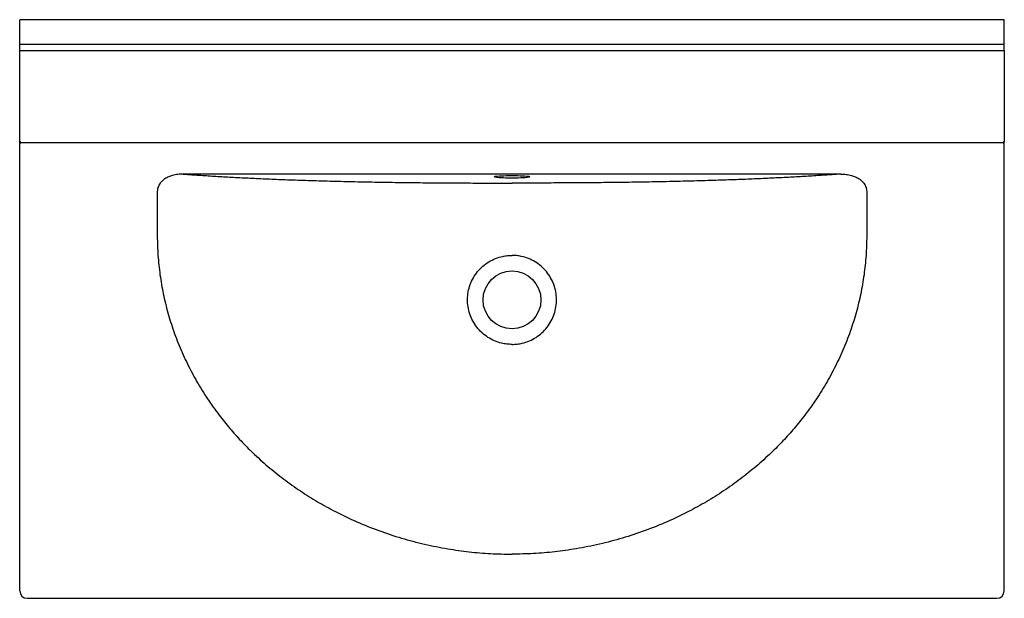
# Model space of a CAD drawing. Header units: millimetres. Extents: x 4018.939 to 4019.739, y 2324.234 to 2324.704.
import ezdxf

# ---------------------------------------------------------------- set-up
doc = ezdxf.new("R2010")
doc.units = ezdxf.units.MM
doc.layers.add('SANINDUSA', color=3, linetype='Continuous')

msp = doc.modelspace()

# ---------------------------------------------------------------- linework, layer by layer
at = {"layer": 'SANINDUSA'}
for p, q in [((4019.73893, 2324.70365), (4018.93893, 2324.70365)), ((4018.93893, 2324.68365), (4018.93893, 2324.70365)), ((4019.73893, 2324.68365), (4019.73893, 2324.70365)), ((4019.73893, 2324.68365), (4018.93893, 2324.68365)), ((4018.93893, 2324.67865), (4018.93893, 2324.68365)), ((4019.73893, 2324.67865), (4019.73893, 2324.68365)), ((4018.93893, 2324.67865), (4019.73893, 2324.67865)), ((4018.93893, 2324.60465), (4018.93893, 2324.67865)), ((4019.73893, 2324.67865), (4019.73893, 2324.60465)), ((4018.93893, 2324.60365), (4018.93893, 2324.60465)), ((4018.93893, 2324.60465), (4018.93993, 2324.60365)), ((4018.93893, 2324.60365), (4018.93993, 2324.60365)), ((4018.93902, 2324.23987), (4018.93902, 2324.60365)), ((4019.73793, 2324.60365), (4018.93993, 2324.60365)), ((4019.73793, 2324.60365), (4019.73893, 2324.60465)), ((4019.73793, 2324.60365), (4019.73893, 2324.60365)), ((4019.73883, 2324.23987), (4019.73883, 2324.60365)), ((4019.73893, 2324.60365), (4019.73893, 2324.60465)), ((4019.60599, 2324.57831), (4019.07186, 2324.57831)), ((4018.94502, 2324.23387), (4019.73283, 2324.23387)), ((4018.94502, 2324.23387), (4018.94502, 2324.23387)), ((4019.73283, 2324.23387), (4019.73283, 2324.23387))]:
    msp.add_line(p, q, dxfattribs=at)
at = {"layer": 'SANINDUSA', "flags": 128}
for points in [[(4019.32488, 2324.57601), (4019.32461, 2324.57609), (4019.32443, 2324.57623), (4019.32452, 2324.57632)], [(4019.32452, 2324.57632), (4019.32461, 2324.57636), (4019.32514, 2324.5765), (4019.32601, 2324.57663), (4019.3272, 2324.57674), (4019.32868, 2324.57685), (4019.33041, 2324.57694), (4019.33235, 2324.57701), (4019.33445, 2324.57706), (4019.33666, 2324.5771), (4019.33893, 2324.57711), (4019.3412, 2324.5771), (4019.34341, 2324.57706), (4019.34551, 2324.57701), (4019.34745, 2324.57694), (4019.34918, 2324.57685), (4019.35066, 2324.57674), (4019.35185, 2324.57663), (4019.35272, 2324.5765), (4019.35325, 2324.57636), (4019.35332, 2324.57634)], [(4019.35332, 2324.57634), (4019.35343, 2324.57623), (4019.35325, 2324.57609), (4019.35308, 2324.57604)]]:
    msp.add_lwpolyline(points, dxfattribs=at)
at = {"layer": 'SANINDUSA'}
msp.add_circle((4019.33893, 2324.47615), 0.0235, dxfattribs=at)
for centre, radius, start, end in [((4019.34154, 2324.66742), 0.09211, 268.37631, 277.20106), ((4019.33617, 2324.66615), 0.09085, 262.86454, 271.74174), ((4018.94502, 2324.23987), 0.006, 180, 270), ((4019.73283, 2324.23987), 0.006, 270, 0)]:
    msp.add_arc(centre, radius, start, end, dxfattribs=at)
for points, knots in [([(4019.07186, 2324.57831), (4019.0704, 2324.57827), (4019.06748, 2324.57819), (4019.06348, 2324.57738), (4019.05995, 2324.57614), (4019.05715, 2324.57465), (4019.05485, 2324.57289), (4019.05318, 2324.57112), (4019.05197, 2324.56925), (4019.0513, 2324.56769), (4019.05082, 2324.56596), (4019.05076, 2324.56484), (4019.05072, 2324.56406)], [0, 0, 0, 0, 0.156143, 0.312156, 0.433463, 0.554599, 0.647431, 0.740108, 0.810955, 0.881728, 0.918477, 1, 1, 1, 1]), ([(4019.07186, 2324.57831), (4019.07419, 2324.57814), (4019.08027, 2324.5777), (4019.09059, 2324.57702), (4019.10297, 2324.57626), (4019.11596, 2324.57555), (4019.12954, 2324.57487), (4019.14368, 2324.57424), (4019.15895, 2324.57365), (4019.17541, 2324.57309), (4019.19306, 2324.57259), (4019.21124, 2324.57216), (4019.22982, 2324.5718), (4019.24828, 2324.57151), (4019.26655, 2324.57131), (4019.28454, 2324.57116), (4019.30264, 2324.57107), (4019.32078, 2324.57102), (4019.33288, 2324.57102), (4019.33893, 2324.57101)], [0, 0, 0, 0, 0.03575, 0.093258, 0.150939, 0.208675, 0.266369, 0.323955, 0.381398, 0.445314, 0.509434, 0.573633, 0.637774, 0.701708, 0.761273, 0.820917, 0.880634, 0.940363, 1, 1, 1, 1]), ([(4019.60599, 2324.57831), (4019.60366, 2324.57814), (4019.59759, 2324.5777), (4019.58727, 2324.57702), (4019.57489, 2324.57626), (4019.5619, 2324.57555), (4019.54832, 2324.57487), (4019.53417, 2324.57424), (4019.51891, 2324.57365), (4019.50245, 2324.57309), (4019.48479, 2324.57259), (4019.46662, 2324.57216), (4019.44804, 2324.5718), (4019.42957, 2324.57151), (4019.41131, 2324.57131), (4019.39332, 2324.57116), (4019.37522, 2324.57107), (4019.35708, 2324.57102), (4019.34498, 2324.57102), (4019.33893, 2324.57101)], [0, 0, 0, 0, 0.03575, 0.093258, 0.150939, 0.208675, 0.266369, 0.323955, 0.381398, 0.445314, 0.509434, 0.573633, 0.637774, 0.701708, 0.761273, 0.820917, 0.880634, 0.940363, 1, 1, 1, 1]), ([(4019.60599, 2324.57831), (4019.60746, 2324.57827), (4019.61038, 2324.57819), (4019.61438, 2324.57738), (4019.61791, 2324.57614), (4019.6207, 2324.57465), (4019.62301, 2324.57289), (4019.62467, 2324.57112), (4019.62589, 2324.56925), (4019.62656, 2324.56769), (4019.62704, 2324.56596), (4019.6271, 2324.56484), (4019.62714, 2324.56406)], [0, 0, 0, 0, 0.156143, 0.312156, 0.433463, 0.554599, 0.647431, 0.740108, 0.810955, 0.881728, 0.918478, 1, 1, 1, 1]), ([(4019.05072, 2324.56406), (4019.05071, 2324.55337), (4019.0507, 2324.54004), (4019.05074, 2324.52407), (4019.05108, 2324.51355), (4019.05225, 2324.50045), (4019.05466, 2324.48488), (4019.05813, 2324.46951), (4019.06266, 2324.45421), (4019.06831, 2324.43905), (4019.07507, 2324.4241), (4019.08281, 2324.40961), (4019.09146, 2324.39567), (4019.10045, 2324.38307), (4019.10958, 2324.37176), (4019.11867, 2324.36161), (4019.12893, 2324.35126), (4019.14049, 2324.34083), (4019.1534, 2324.3305), (4019.1669, 2324.32093), (4019.18091, 2324.31214), (4019.19619, 2324.3037), (4019.21279, 2324.29581), (4019.23074, 2324.28863), (4019.24911, 2324.28257), (4019.26781, 2324.27764), (4019.28615, 2324.27398), (4019.30405, 2324.2715), (4019.32146, 2324.26997), (4019.33311, 2324.26978), (4019.33893, 2324.26969)], [0, 0, 0, 0, 0.068942, 0.085943, 0.102941, 0.136802, 0.170663, 0.204487, 0.238311, 0.273459, 0.308723, 0.344032, 0.379309, 0.414469, 0.443726, 0.473003, 0.502261, 0.537716, 0.573259, 0.608837, 0.644391, 0.679855, 0.72128, 0.762825, 0.804414, 0.845969, 0.887403, 0.924927, 0.962478, 1, 1, 1, 1]), ([(4019.62714, 2324.56406), (4019.62715, 2324.55337), (4019.62716, 2324.54004), (4019.62712, 2324.52407), (4019.62678, 2324.51355), (4019.62561, 2324.50045), (4019.6232, 2324.48488), (4019.61973, 2324.46951), (4019.6152, 2324.45421), (4019.60955, 2324.43905), (4019.60279, 2324.4241), (4019.59505, 2324.40961), (4019.5864, 2324.39567), (4019.57741, 2324.38307), (4019.56828, 2324.37176), (4019.55919, 2324.36161), (4019.54892, 2324.35126), (4019.53737, 2324.34083), (4019.52446, 2324.3305), (4019.51096, 2324.32093), (4019.49694, 2324.31214), (4019.48167, 2324.3037), (4019.46507, 2324.29581), (4019.44712, 2324.28863), (4019.42874, 2324.28257), (4019.41005, 2324.27764), (4019.39171, 2324.27398), (4019.3738, 2324.2715), (4019.35639, 2324.26997), (4019.34475, 2324.26978), (4019.33893, 2324.26969)], [0, 0, 0, 0, 0.0689419, 0.0859427, 0.1029408, 0.1368019, 0.1706631, 0.2044867, 0.2383106, 0.2734593, 0.3087227, 0.3440319, 0.3793086, 0.4144685, 0.4437256, 0.4730028, 0.5022614, 0.5377162, 0.5732586, 0.6088367, 0.6443906, 0.6798551, 0.7212804, 0.7628246, 0.8044145, 0.845969, 0.887403, 0.9249268, 0.9624784, 1, 1, 1, 1]), ([(4019.33893, 2324.44), (4019.33752, 2324.44004), (4019.33469, 2324.44014), (4019.32991, 2324.44102), (4019.3247, 2324.44274), (4019.31929, 2324.4456), (4019.31445, 2324.44933), (4019.31028, 2324.45382), (4019.30695, 2324.45896), (4019.3045, 2324.46457), (4019.30305, 2324.47053), (4019.3026, 2324.47664), (4019.30321, 2324.48273), (4019.30481, 2324.48863), (4019.30739, 2324.49417), (4019.31085, 2324.49921), (4019.31513, 2324.50359), (4019.32007, 2324.5072), (4019.32555, 2324.50992), (4019.33067, 2324.51146), (4019.33516, 2324.51219), (4019.33767, 2324.51227), (4019.33893, 2324.51231)], [0, 0, 0, 0, 0.037322, 0.074644, 0.128234, 0.181825, 0.235509, 0.289193, 0.342951, 0.39671, 0.450471, 0.504231, 0.557895, 0.61156, 0.665186, 0.718811, 0.772493, 0.826174, 0.879882, 0.93359, 0.966795, 1, 1, 1, 1]), ([(4019.33893, 2324.44), (4019.34034, 2324.44004), (4019.34317, 2324.44014), (4019.34795, 2324.44102), (4019.35316, 2324.44274), (4019.35857, 2324.4456), (4019.36341, 2324.44933), (4019.36757, 2324.45382), (4019.37091, 2324.45896), (4019.37336, 2324.46457), (4019.37481, 2324.47053), (4019.37526, 2324.47664), (4019.37465, 2324.48273), (4019.37305, 2324.48863), (4019.37047, 2324.49417), (4019.36701, 2324.49921), (4019.36273, 2324.50359), (4019.35779, 2324.5072), (4019.35231, 2324.50992), (4019.34719, 2324.51146), (4019.3427, 2324.51219), (4019.34019, 2324.51227), (4019.33893, 2324.51231)], [0, 0, 0, 0, 0.037322, 0.074644, 0.128234, 0.181825, 0.235509, 0.289193, 0.342951, 0.39671, 0.450471, 0.504231, 0.557895, 0.61156, 0.665186, 0.718811, 0.772493, 0.826174, 0.879882, 0.93359, 0.966795, 1, 1, 1, 1])]:
    msp.add_open_spline(points, degree=3, knots=knots, dxfattribs=at)

doc.saveas('drawing.dxf')
....
* TASK PROMPT
Search the entries above for the string "SANINDUSA". Copy each line in which it appears.

* YOUR SOLUTION
doc.layers.add('SANINDUSA', color=3, linetype='Continuous')
at = {"layer": 'SANINDUSA'}
at = {"layer": 'SANINDUSA', "flags": 128}
at = {"layer": 'SANINDUSA'}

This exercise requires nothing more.